Strip out all images, then restate the data verbatim.

**** Records

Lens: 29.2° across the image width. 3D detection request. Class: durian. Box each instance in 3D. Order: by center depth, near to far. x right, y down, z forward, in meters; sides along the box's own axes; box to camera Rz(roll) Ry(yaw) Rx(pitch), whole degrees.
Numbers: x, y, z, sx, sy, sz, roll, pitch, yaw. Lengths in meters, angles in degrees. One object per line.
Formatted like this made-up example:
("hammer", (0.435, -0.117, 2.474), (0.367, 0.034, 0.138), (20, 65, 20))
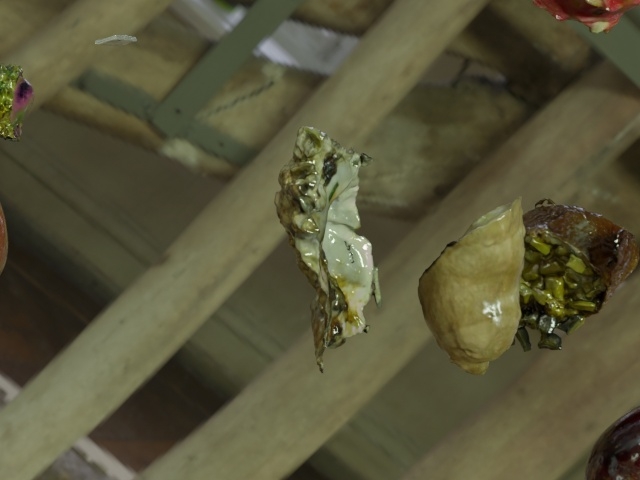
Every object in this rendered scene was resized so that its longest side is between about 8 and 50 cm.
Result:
("durian", (-0.470, -0.207, 1.756), (0.119, 0.108, 0.186), (19, 3, -10))

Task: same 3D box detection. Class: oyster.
("oyster", (-0.002, -0.002, 1.464), (0.107, 0.355, 0.201), (11, 44, 17))

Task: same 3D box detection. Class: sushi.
("sushi", (0.328, 0.046, 1.759), (0.179, 0.296, 0.167), (-38, 118, -40))

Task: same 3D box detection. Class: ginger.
("ginger", (0.168, 0.049, 1.242), (0.115, 0.193, 0.123), (-11, 57, -18))

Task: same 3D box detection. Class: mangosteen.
("mangosteen", (0.447, 0.317, 1.615), (0.215, 0.215, 0.257), (45, -3, 3))

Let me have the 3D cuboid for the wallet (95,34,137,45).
("wallet", (-0.360, -0.353, 2.171), (0.083, 0.044, 0.011), (-17, 95, -69))

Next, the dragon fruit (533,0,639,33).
("dragon fruit", (0.349, -0.375, 1.458), (0.210, 0.268, 0.205), (22, 47, -41))

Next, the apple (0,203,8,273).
("apple", (-0.664, -0.018, 1.858), (0.364, 0.364, 0.364), (39, 19, -16))

********

Task answer →
Lens: 29.2° across the image width. 3D detection request. Class: durian. Box each instance in 3D. Order: by center depth, near to far. x right, y down, z forward, in meters; sides along the box's own axes; box to camera Rz(roll) Ry(yaw) Rx(pitch), whole degrees.
Numbers: x, y, z, sx, sy, sz, roll, pitch, yaw. Lengths in meters, angles in degrees. One object per line.
Formatted like this made-up example:
("hammer", (0.435, -0.117, 2.474), (0.367, 0.034, 0.138), (20, 65, 20))
Every object in this rendered scene was resized so that its longest side is between about 8 and 50 cm.
Result:
("durian", (-0.470, -0.207, 1.756), (0.119, 0.108, 0.186), (19, 3, -10))

Task: same 3D box detection. Class: oyster.
("oyster", (-0.002, -0.002, 1.464), (0.107, 0.355, 0.201), (11, 44, 17))

Task: same 3D box detection. Class: sushi.
("sushi", (0.328, 0.046, 1.759), (0.179, 0.296, 0.167), (-38, 118, -40))

Task: same 3D box detection. Class: ginger.
("ginger", (0.168, 0.049, 1.242), (0.115, 0.193, 0.123), (-11, 57, -18))

Task: same 3D box detection. Class: mangosteen.
("mangosteen", (0.447, 0.317, 1.615), (0.215, 0.215, 0.257), (45, -3, 3))

Let me have the 3D cuboid for the wallet (95,34,137,45).
("wallet", (-0.360, -0.353, 2.171), (0.083, 0.044, 0.011), (-17, 95, -69))

Next, the dragon fruit (533,0,639,33).
("dragon fruit", (0.349, -0.375, 1.458), (0.210, 0.268, 0.205), (22, 47, -41))

Next, the apple (0,203,8,273).
("apple", (-0.664, -0.018, 1.858), (0.364, 0.364, 0.364), (39, 19, -16))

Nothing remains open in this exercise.